** Opening MATERIAL SHOWN block **

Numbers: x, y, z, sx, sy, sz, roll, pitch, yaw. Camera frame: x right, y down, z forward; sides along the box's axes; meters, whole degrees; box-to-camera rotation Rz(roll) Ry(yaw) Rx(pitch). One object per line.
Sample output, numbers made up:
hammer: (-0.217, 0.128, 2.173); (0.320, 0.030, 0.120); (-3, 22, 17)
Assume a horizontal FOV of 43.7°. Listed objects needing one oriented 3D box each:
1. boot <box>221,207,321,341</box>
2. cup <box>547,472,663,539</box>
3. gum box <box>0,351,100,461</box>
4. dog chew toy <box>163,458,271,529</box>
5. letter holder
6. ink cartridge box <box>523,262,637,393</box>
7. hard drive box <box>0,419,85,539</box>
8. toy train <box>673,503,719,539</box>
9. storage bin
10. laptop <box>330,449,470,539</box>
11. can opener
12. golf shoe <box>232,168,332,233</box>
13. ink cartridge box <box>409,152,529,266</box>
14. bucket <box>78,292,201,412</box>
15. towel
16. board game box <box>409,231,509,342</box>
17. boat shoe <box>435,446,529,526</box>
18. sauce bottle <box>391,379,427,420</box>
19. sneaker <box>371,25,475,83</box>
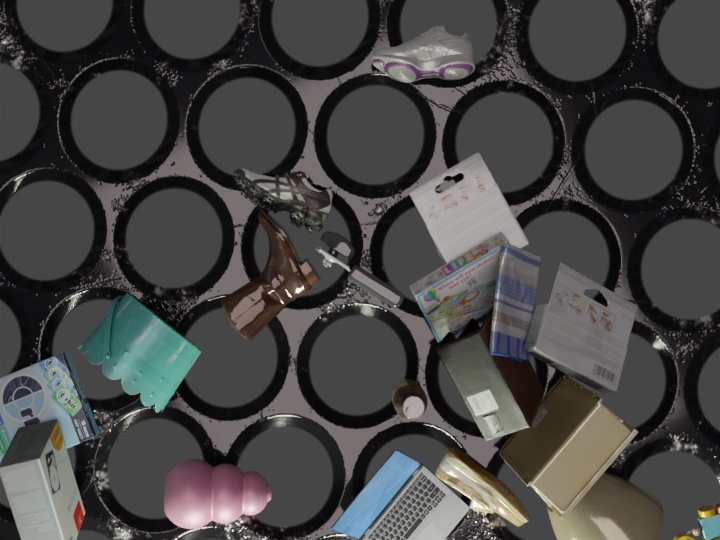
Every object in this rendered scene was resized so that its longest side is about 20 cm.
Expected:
boot: (-0.202, 0.010, 1.704); (0.199, 0.064, 0.188); (-37, 90, 4)
cup: (0.420, 0.440, 1.613); (0.143, 0.200, 0.201); (42, 90, -4)
gum box: (-0.622, 0.271, 1.711); (0.197, 0.045, 0.173); (-22, 90, 1)
dog chew toy: (-0.264, 0.415, 1.671); (0.195, 0.124, 0.127); (1, 89, -7)
letter holder: (0.247, 0.186, 1.678); (0.099, 0.142, 0.202); (-25, 100, 31)
ink cartridge box: (0.413, 0.108, 1.675); (0.198, 0.043, 0.176); (27, 70, -18)
hard drive box: (-0.574, 0.400, 1.626); (0.075, 0.156, 0.204); (-11, 108, -3)
toy train: (0.655, 0.534, 1.691); (0.149, 0.056, 0.202); (35, 93, 0)
storage bin: (0.365, 0.310, 1.625); (0.093, 0.199, 0.201); (40, 90, -11)
laptop: (0.078, 0.459, 1.665); (0.199, 0.116, 0.188); (41, 90, 1)
can opener: (0.000, 0.000, 1.703); (0.199, 0.053, 0.067); (36, 89, 1)
golf shoe: (-0.145, -0.154, 1.706); (0.197, 0.078, 0.096); (29, 72, -1)
ink cartridge box: (0.205, -0.096, 1.708); (0.158, 0.047, 0.202); (-29, 87, 1)
bucket: (-0.398, 0.146, 1.636); (0.206, 0.207, 0.136); (37, 80, 1)
towel: (0.283, 0.060, 1.628); (0.023, 0.146, 0.204); (3, 81, 36)
board game box: (0.202, 0.032, 1.671); (0.198, 0.034, 0.135); (-30, 130, -1)
boat shoe: (0.227, 0.419, 1.691); (0.199, 0.074, 0.070); (39, 102, 2)
sauce bottle: (0.090, 0.237, 1.626); (0.063, 0.200, 0.066); (0, 90, -2)
sneaker: (0.119, -0.413, 1.710); (0.195, 0.075, 0.102); (1, 71, 1)

** Closing MATERIAL SHOWN block **

• YOUR TASK
Reproduce word for word, with pictures dropped, only the part of the material above that opens with the line containing "2. cup <box>547,472,663,539</box>" and closes with the line containing "Every object in".

• REPLY TO THE EXERCISE
2. cup <box>547,472,663,539</box>
3. gum box <box>0,351,100,461</box>
4. dog chew toy <box>163,458,271,529</box>
5. letter holder
6. ink cartridge box <box>523,262,637,393</box>
7. hard drive box <box>0,419,85,539</box>
8. toy train <box>673,503,719,539</box>
9. storage bin
10. laptop <box>330,449,470,539</box>
11. can opener
12. golf shoe <box>232,168,332,233</box>
13. ink cartridge box <box>409,152,529,266</box>
14. bucket <box>78,292,201,412</box>
15. towel
16. board game box <box>409,231,509,342</box>
17. boat shoe <box>435,446,529,526</box>
18. sauce bottle <box>391,379,427,420</box>
19. sneaker <box>371,25,475,83</box>
Every object in this rendered scene was resized so that its longest side is about 20 cm.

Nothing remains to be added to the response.